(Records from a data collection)
▬▬▬▬▬▬▬▬▬▬

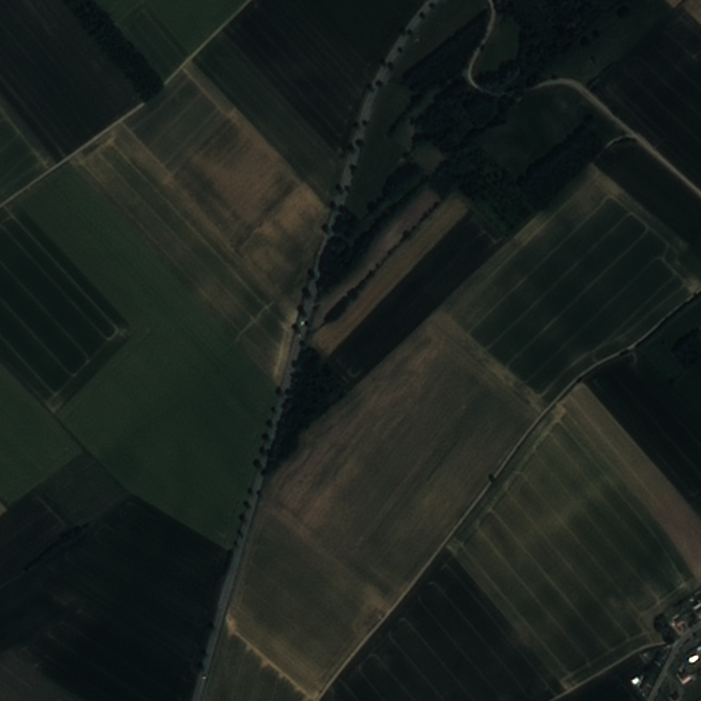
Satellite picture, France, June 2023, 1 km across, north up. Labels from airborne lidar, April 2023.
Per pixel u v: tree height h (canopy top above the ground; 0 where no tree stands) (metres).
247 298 0
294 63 0
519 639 0
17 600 0
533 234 0
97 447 0
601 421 0
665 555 0
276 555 0
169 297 0
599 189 0
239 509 0
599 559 0
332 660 0
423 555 0
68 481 0
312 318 0
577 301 0
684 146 0
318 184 0
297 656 0
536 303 0
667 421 0
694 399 0
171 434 0
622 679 0
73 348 0
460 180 8
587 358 0
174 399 0
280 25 0
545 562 0
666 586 0
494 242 0
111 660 0
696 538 0
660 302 0
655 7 0
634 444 0
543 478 0
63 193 0
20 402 0
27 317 0
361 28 0
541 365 0
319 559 0
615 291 0
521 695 0
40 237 0
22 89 0
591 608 0
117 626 0
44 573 0
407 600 0
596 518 0
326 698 0
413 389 0
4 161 0
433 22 0
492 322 0
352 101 0
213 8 0
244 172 0
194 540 0
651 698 0
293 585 0
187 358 0
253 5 0
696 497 0
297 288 0
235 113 0
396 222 0
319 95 0
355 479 0
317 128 0
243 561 0
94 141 0
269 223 0
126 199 0
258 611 0
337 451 0
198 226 0
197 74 0
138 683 0
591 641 0
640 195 0
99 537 0
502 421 0
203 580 0
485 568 0
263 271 0
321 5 0
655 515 0
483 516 0
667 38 0
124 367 0
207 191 0
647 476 0
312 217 0
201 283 0
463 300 0
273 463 9
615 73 0
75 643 0
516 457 0
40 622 0
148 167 0
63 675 0
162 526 0
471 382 0
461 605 0
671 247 0
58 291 0
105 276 0
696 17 0
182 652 0
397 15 0
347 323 0
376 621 0
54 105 0
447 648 0
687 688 0
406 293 0
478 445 0
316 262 0
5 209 0
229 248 0
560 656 0
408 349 0
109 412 0
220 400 0
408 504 0
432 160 0
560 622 0
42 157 0
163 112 0
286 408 10
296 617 0
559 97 0
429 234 0
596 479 0
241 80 0
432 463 0
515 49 0
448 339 0
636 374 0
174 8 0
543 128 0
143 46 0
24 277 0
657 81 0
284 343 0
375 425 0
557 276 0
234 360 0
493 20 0
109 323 0
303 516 0
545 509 0
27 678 0
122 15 0
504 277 0
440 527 0
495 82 23
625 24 0
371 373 0
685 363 9
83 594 0
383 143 0
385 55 0
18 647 0
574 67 0
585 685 0
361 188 0
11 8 0
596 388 0
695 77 0
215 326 0
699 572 0
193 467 0
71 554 0
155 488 0
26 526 0
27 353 0
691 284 0
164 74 0
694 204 0
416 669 0
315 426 0
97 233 0
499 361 0
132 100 0
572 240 0
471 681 0
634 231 0
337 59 0
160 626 0
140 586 0
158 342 0
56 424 0
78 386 0
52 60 0
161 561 0
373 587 0
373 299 0
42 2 0
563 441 0
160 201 0
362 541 0
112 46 11
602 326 0
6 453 0
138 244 0
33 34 0
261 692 0
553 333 0
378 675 0
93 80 0
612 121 0
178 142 0
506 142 0
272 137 0

▬▬▬▬▬▬▬▬▬▬

## Exercise
Quote each entry above verbatim and drop the pictures.

## Answer box
Satellite picture, France, June 2023, 1 km across, north up. Labels from airborne lidar, April 2023.
Per pixel u v: tree height h (canopy top above the ground; 0 where no tree stands) (metres).
247 298 0
294 63 0
519 639 0
17 600 0
533 234 0
97 447 0
601 421 0
665 555 0
276 555 0
169 297 0
599 189 0
239 509 0
599 559 0
332 660 0
423 555 0
68 481 0
312 318 0
577 301 0
684 146 0
318 184 0
297 656 0
536 303 0
667 421 0
694 399 0
171 434 0
622 679 0
73 348 0
460 180 8
587 358 0
174 399 0
280 25 0
545 562 0
666 586 0
494 242 0
111 660 0
696 538 0
660 302 0
655 7 0
634 444 0
543 478 0
63 193 0
20 402 0
27 317 0
361 28 0
541 365 0
319 559 0
615 291 0
521 695 0
40 237 0
22 89 0
591 608 0
117 626 0
44 573 0
407 600 0
596 518 0
326 698 0
413 389 0
4 161 0
433 22 0
492 322 0
352 101 0
213 8 0
244 172 0
194 540 0
651 698 0
293 585 0
187 358 0
253 5 0
696 497 0
297 288 0
235 113 0
396 222 0
319 95 0
355 479 0
317 128 0
243 561 0
94 141 0
269 223 0
126 199 0
258 611 0
337 451 0
198 226 0
197 74 0
138 683 0
591 641 0
640 195 0
99 537 0
502 421 0
203 580 0
485 568 0
263 271 0
321 5 0
655 515 0
483 516 0
667 38 0
124 367 0
207 191 0
647 476 0
312 217 0
201 283 0
463 300 0
273 463 9
615 73 0
75 643 0
516 457 0
40 622 0
148 167 0
63 675 0
162 526 0
471 382 0
461 605 0
671 247 0
58 291 0
105 276 0
696 17 0
182 652 0
397 15 0
347 323 0
376 621 0
54 105 0
447 648 0
687 688 0
406 293 0
478 445 0
316 262 0
5 209 0
229 248 0
560 656 0
408 349 0
109 412 0
220 400 0
408 504 0
432 160 0
560 622 0
42 157 0
163 112 0
286 408 10
296 617 0
559 97 0
429 234 0
596 479 0
241 80 0
432 463 0
515 49 0
448 339 0
636 374 0
174 8 0
543 128 0
143 46 0
24 277 0
657 81 0
284 343 0
375 425 0
557 276 0
234 360 0
493 20 0
109 323 0
303 516 0
545 509 0
27 678 0
122 15 0
504 277 0
440 527 0
495 82 23
625 24 0
371 373 0
685 363 9
83 594 0
383 143 0
385 55 0
18 647 0
574 67 0
585 685 0
361 188 0
11 8 0
596 388 0
695 77 0
215 326 0
699 572 0
193 467 0
71 554 0
155 488 0
26 526 0
27 353 0
691 284 0
164 74 0
694 204 0
416 669 0
315 426 0
97 233 0
499 361 0
132 100 0
572 240 0
471 681 0
634 231 0
337 59 0
160 626 0
140 586 0
158 342 0
56 424 0
78 386 0
52 60 0
161 561 0
373 587 0
373 299 0
42 2 0
563 441 0
160 201 0
362 541 0
112 46 11
602 326 0
6 453 0
138 244 0
33 34 0
261 692 0
553 333 0
378 675 0
93 80 0
612 121 0
178 142 0
506 142 0
272 137 0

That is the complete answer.